■ **TASK**
Leave the pictures out, and print everything else in the records exactly.

■ **INPUT MATERIAL**

BEGIN

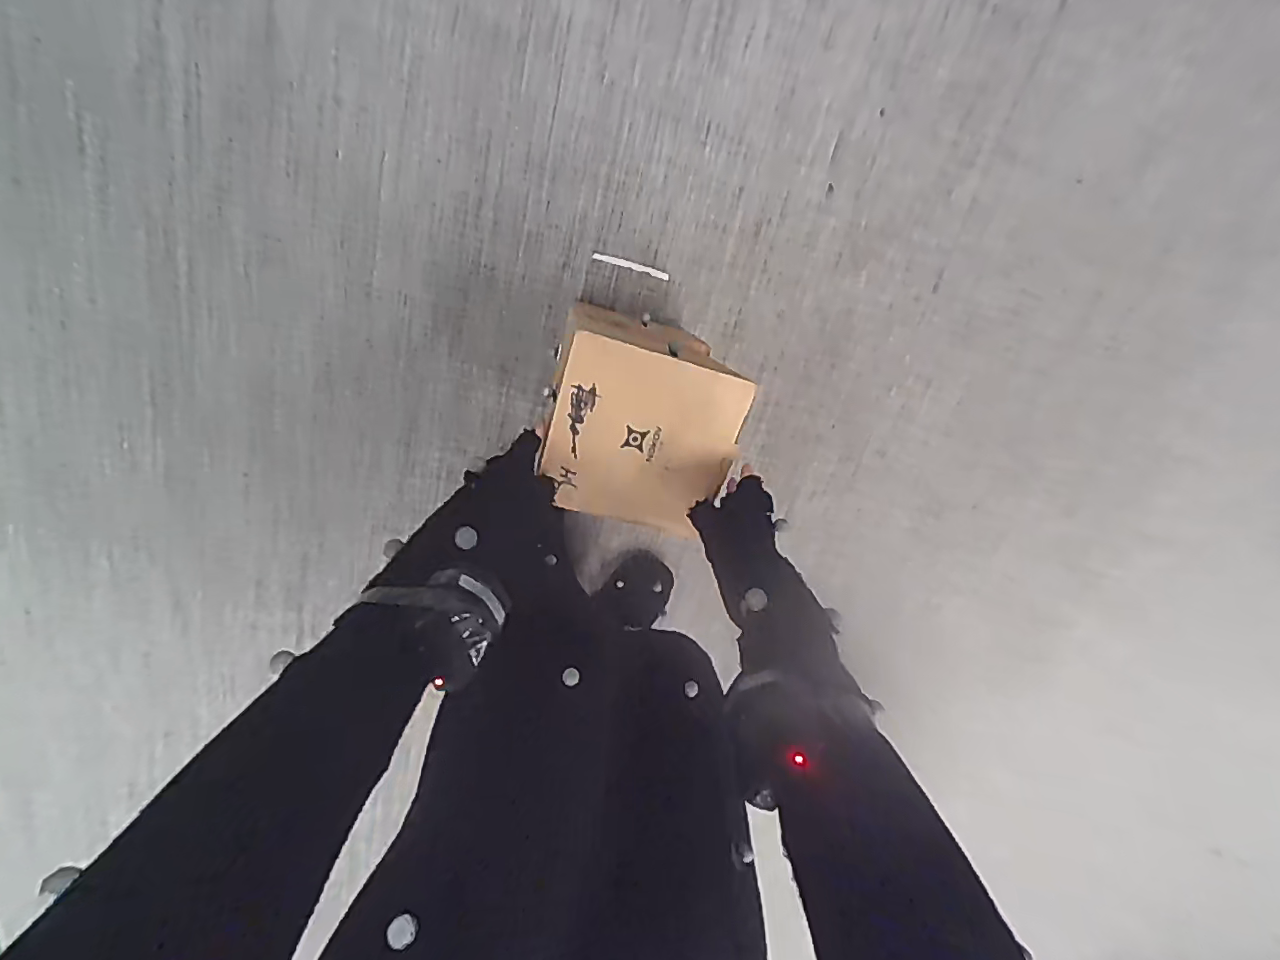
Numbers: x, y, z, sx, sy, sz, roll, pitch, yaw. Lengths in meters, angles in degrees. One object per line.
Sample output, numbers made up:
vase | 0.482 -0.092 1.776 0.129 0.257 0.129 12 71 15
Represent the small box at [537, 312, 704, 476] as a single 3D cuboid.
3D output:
small box | -0.034 -0.123 0.730 0.179 0.176 0.168 11 109 -11
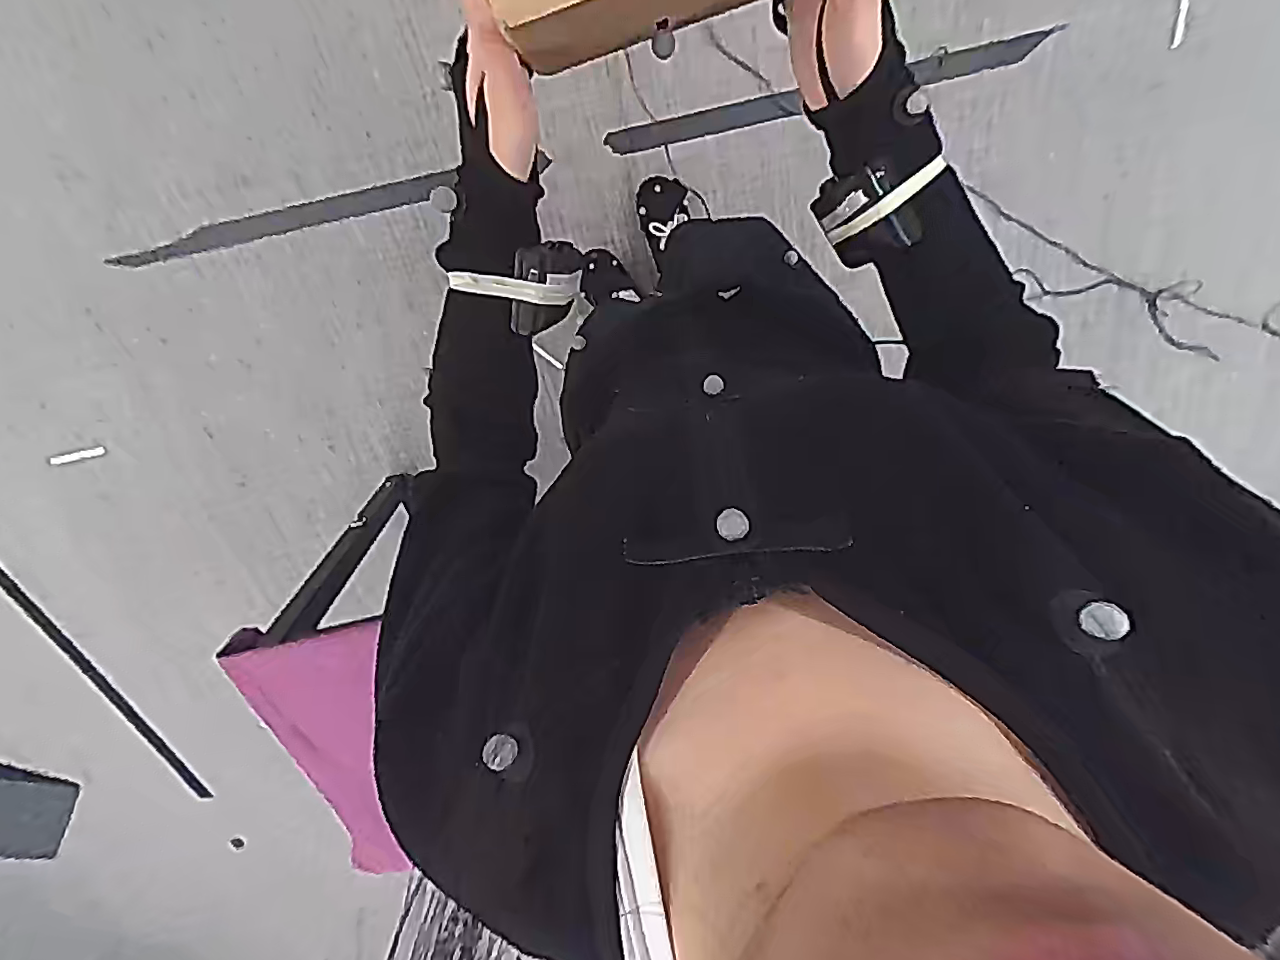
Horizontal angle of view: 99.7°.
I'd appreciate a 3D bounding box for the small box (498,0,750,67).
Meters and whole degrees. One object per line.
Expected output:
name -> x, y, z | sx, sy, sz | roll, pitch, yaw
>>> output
small box -> -0.005, -0.343, 0.274 | 0.179, 0.176, 0.168 | -15, 119, 5
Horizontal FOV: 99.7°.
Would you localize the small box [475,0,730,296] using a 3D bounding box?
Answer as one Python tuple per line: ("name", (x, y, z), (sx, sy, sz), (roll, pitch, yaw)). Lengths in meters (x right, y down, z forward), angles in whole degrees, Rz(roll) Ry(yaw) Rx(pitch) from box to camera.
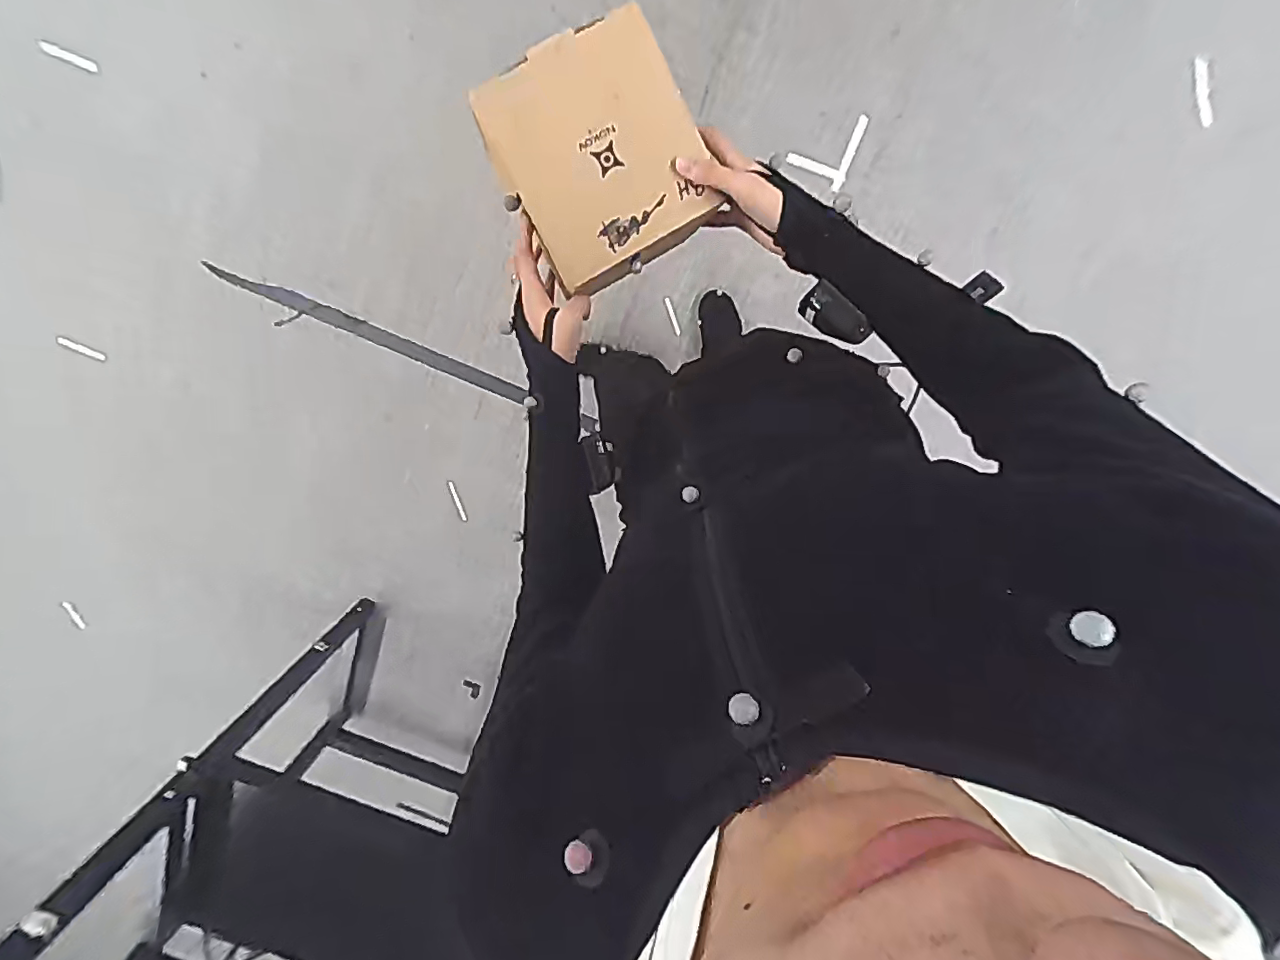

END

■ **ANSWER BOX**
Numbers: x, y, z, sx, sy, sz, roll, pitch, yaw. Lengths in meters, angles in degrees. One object per line.
Sample output, numbers made up:
vase | 0.482 -0.092 1.776 0.129 0.257 0.129 12 71 15
Represent the small box at [537, 312, 704, 476] as a single 3D cuboid.
3D output:
small box | -0.034 -0.123 0.730 0.179 0.176 0.168 11 109 -11
Horizontal angle of view: 99.7°.
I'd appreciate a 3D bounding box for the small box (498,0,750,67).
Meters and whole degrees. One object per line.
Expected output:
name -> x, y, z | sx, sy, sz | roll, pitch, yaw
>>> output
small box -> -0.005, -0.343, 0.274 | 0.179, 0.176, 0.168 | -15, 119, 5
Horizontal FOV: 99.7°.
Would you localize the small box [475,0,730,296] using a 3D bounding box?
Answer as one Python tuple per line: ("name", (x, y, z), (sx, sy, sz), (roll, pitch, yaw)). Lengths in meters (x right, y down, z forward), angles in whole degrees, Rz(roll) Ry(yaw) Rx(pitch) from box to camera.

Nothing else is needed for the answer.